### About this exercise
Reproduce exactly the line that includes "Return the oriented 3D box of the pedestrian [421,476,444,560]." and all lines after it, ending with the last line of the data.

** Opening Given records block **

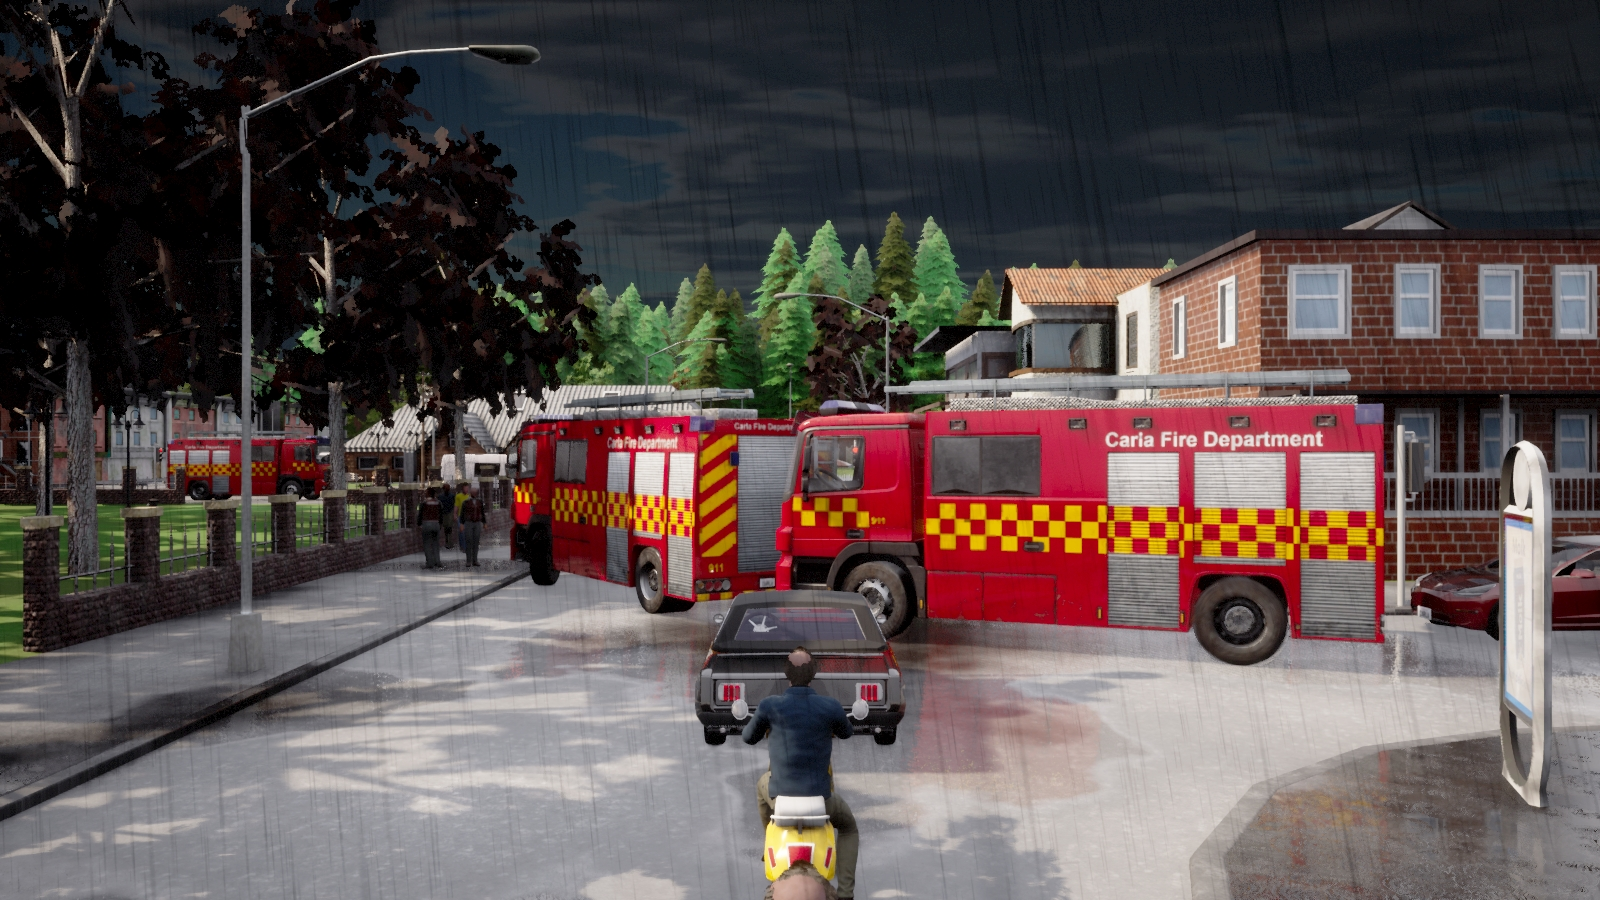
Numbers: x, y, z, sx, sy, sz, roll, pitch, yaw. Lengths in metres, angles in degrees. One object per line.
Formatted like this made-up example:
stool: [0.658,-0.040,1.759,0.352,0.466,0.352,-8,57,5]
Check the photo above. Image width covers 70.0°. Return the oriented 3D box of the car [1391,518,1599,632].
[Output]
car: [11.901,1.835,17.293,4.792,1.488,2.163,0,0,0]

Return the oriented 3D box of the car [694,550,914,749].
car: [0.033,1.930,12.217,1.895,1.301,4.718,0,0,0]

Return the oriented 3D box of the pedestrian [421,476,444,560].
pedestrian: [-8.229,1.514,25.587,0.375,1.860,0.375,0,0,-38]

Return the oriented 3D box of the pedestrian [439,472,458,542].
pedestrian: [-9.347,1.512,30.384,0.375,1.860,0.375,0,0,0]

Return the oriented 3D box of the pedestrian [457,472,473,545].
pedestrian: [-8.645,1.513,29.495,0.375,1.860,0.375,0,0,-14]

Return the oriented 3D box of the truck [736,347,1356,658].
truck: [3.498,0.662,17.037,8.468,3.827,2.891,0,0,23]

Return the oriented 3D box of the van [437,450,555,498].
van: [-16.613,1.289,62.612,5.915,2.561,1.988,0,0,0]

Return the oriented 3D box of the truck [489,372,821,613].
truck: [-3.231,0.662,22.435,2.891,3.827,8.468,0,0,-34]

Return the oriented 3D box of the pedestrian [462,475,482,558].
pedestrian: [-7.486,1.514,26.081,0.375,1.860,0.375,0,0,-29]

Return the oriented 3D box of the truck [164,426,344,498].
truck: [-29.853,0.645,62.699,8.468,3.827,2.891,0,0,1]

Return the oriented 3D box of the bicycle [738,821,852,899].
bicycle: [-0.015,1.938,3.086,0.329,1.271,1.835,0,0,0]

** Closing Given records block **

### Answer to this task
Return the oriented 3D box of the pedestrian [421,476,444,560].
pedestrian: [-8.229,1.514,25.587,0.375,1.860,0.375,0,0,-38]

Return the oriented 3D box of the pedestrian [439,472,458,542].
pedestrian: [-9.347,1.512,30.384,0.375,1.860,0.375,0,0,0]

Return the oriented 3D box of the pedestrian [457,472,473,545].
pedestrian: [-8.645,1.513,29.495,0.375,1.860,0.375,0,0,-14]

Return the oriented 3D box of the truck [736,347,1356,658].
truck: [3.498,0.662,17.037,8.468,3.827,2.891,0,0,23]

Return the oriented 3D box of the van [437,450,555,498].
van: [-16.613,1.289,62.612,5.915,2.561,1.988,0,0,0]

Return the oriented 3D box of the truck [489,372,821,613].
truck: [-3.231,0.662,22.435,2.891,3.827,8.468,0,0,-34]

Return the oriented 3D box of the pedestrian [462,475,482,558].
pedestrian: [-7.486,1.514,26.081,0.375,1.860,0.375,0,0,-29]

Return the oriented 3D box of the truck [164,426,344,498].
truck: [-29.853,0.645,62.699,8.468,3.827,2.891,0,0,1]

Return the oriented 3D box of the bicycle [738,821,852,899].
bicycle: [-0.015,1.938,3.086,0.329,1.271,1.835,0,0,0]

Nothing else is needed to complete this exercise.